Thursday, December 25, 2008

Inflation vs deflation - Dec 12, 2008

There is a recession in thinking. Apparently the Think Tanks are not able to think due to lack of funding from various industries and of course lobbyists that support them. What were they thinking!! I gues there are just tanks now.
Neal Kashkari of the U.S Treasury said earlier during the week that the Treasury would make money from the bail-out. I suppose the next plan is to have an IPO or contract it out to the highest bidder from the junk bond industry.

Inflation / Deflation
There is a big debate about what we should be worried about, inflation or deflation? Out of the two scenarios the Fed will choose inflation over deflation for sure. To stop deflation they need to create inflation. Given the momentum in the economic slide and the urgency of the matter the Fed and other Central Banks except for China (only 568 Bil) have poured Trillions of Dollars into the system by way of Money, Gtees and Commitments. In current state of panic, pressure and criticism they are likely to go overboard. Deflation control will lead to Inflation control. The best Investment to hold in Deflation is U.S $ and in Inflation its Gold. Equities are best held when it’s neither or when they are oversold. But are they?

U.S treasury’s total outstanding funding and commitments are said to be close to $7.8 Trl. The U.S treasury has said that they will not borrow to fund it, which means that they will print money and expand their balance sheet. We have analysts that believe this would not impact inflation as inflation is a function of demand and supply and there is enough idle capacity to meet the boost in demand that will come about with added money in the system. A service based economy like the U.S can easily expand capacity with people, laptop and Blackberry to go. Plus manufacturing base in China can be expanded in a short period with govt “influence” there. However they fail to see the bottle necks in the value chain in commodities / material and energy sectors that will eventually start to put pressure on prices. Any indication of such pressure will have hedge funds going for such investments in force and simply expedite the process. What matters is when will such a pressure build in these bottle necks? It does take a while as the commodity component is considered to be getting smaller and smaller in products. e,g a Cereal component in a cereal box is very small compared to cost of packaging. Printing, distribution, marketing etc. This is the reason why the fed is more worried about deflation and will tackle inflation later.
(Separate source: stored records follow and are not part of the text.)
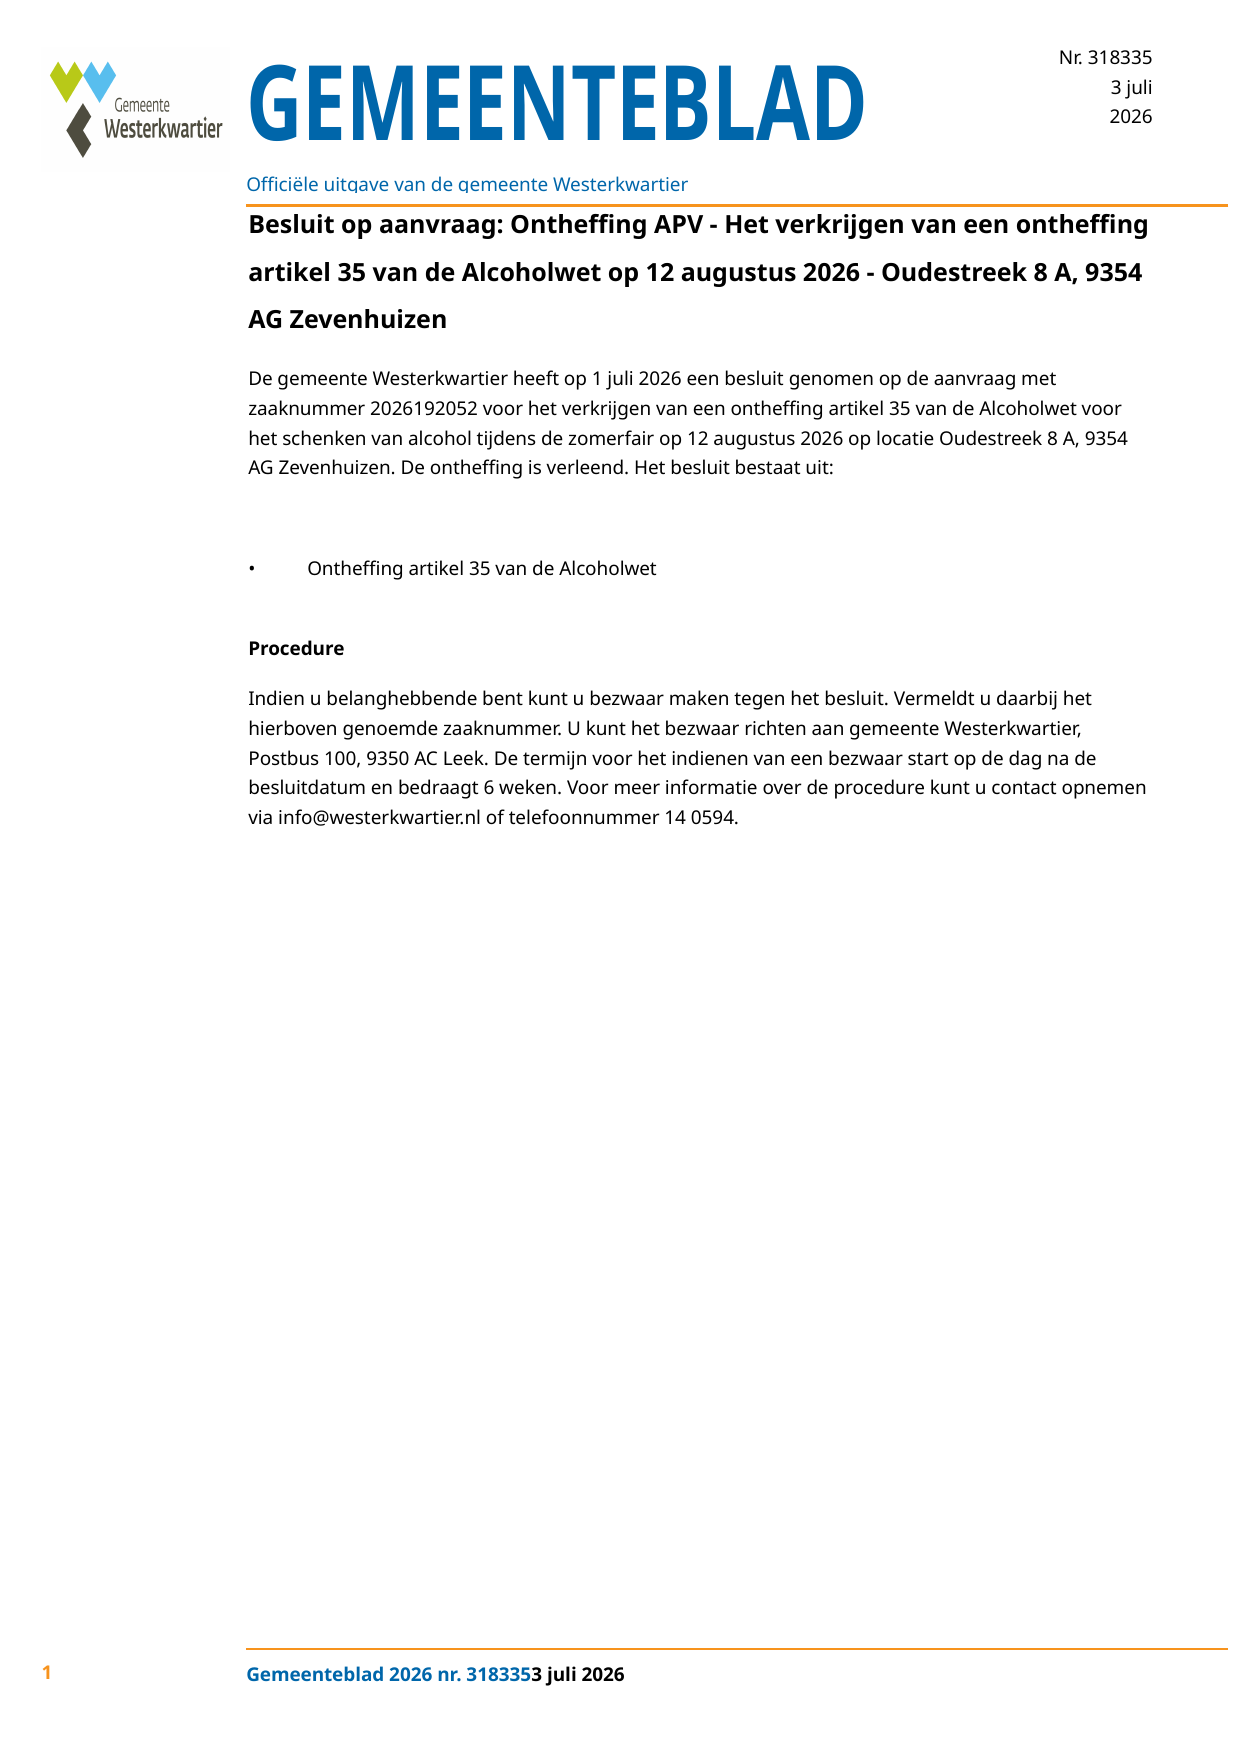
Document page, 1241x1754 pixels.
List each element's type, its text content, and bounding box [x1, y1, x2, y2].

text Procedure [248, 635, 1152, 661]
text De gemeente Westerkwartier heeft op 1 juli 2026 een besluit genomen op de aanvraag met zaaknummer 2026192052 voor het verkrijgen van een ontheffing artikel 35 van de Alcoholwet voor het schenken van alcohol tijdens de zomerfair op 12 augustus 2026 op locatie Oudestreek 8 A, 9354 AG Zevenhuizen. De ontheffing is verleend. Het besluit bestaat uit: [248, 366, 1152, 480]
text Indien u belanghebbende bent kunt u bezwaar maken tegen het besluit. Vermeldt u daarbij het hierboven genoemde zaaknummer. U kunt het bezwaar richten aan gemeente Westerkwartier, Postbus 100, 9350 AC Leek. De termijn voor het indienen van een bezwaar start op de dag na de besluitdatum en bedraagt 6 weken. Voor meer informatie over de procedure kunt u contact opnemen via info@westerkwartier.nl of telefoonnummer 14 0594. [248, 686, 1152, 829]
text Besluit op aanvraag: Ontheffing APV - Het verkrijgen van een ontheffing artikel 35 van de Alcoholwet op 12 augustus 2026 - Oudestreek 8 A, 9354 AG Zevenhuizen [248, 207, 1152, 336]
list Ontheffing artikel 35 van de Alcoholwet [248, 555, 1152, 581]
picture [41, 47, 231, 172]

Much anticipated Bear Rally.
We have multiple channels with 24hrs of market news, screens with 10 boxes with analysts and portfolio managers giving there last 5 minute take on the market and the Internet where people are constantly told to expect a Bear Rally. With so much of media coverage about it, who would participate in it and for how long? That is why nobody is falling for it as everyone knows, just like all other previous bear rallies this one should not have many legs and should fizzle soon. Unless it’s a slow uptrend.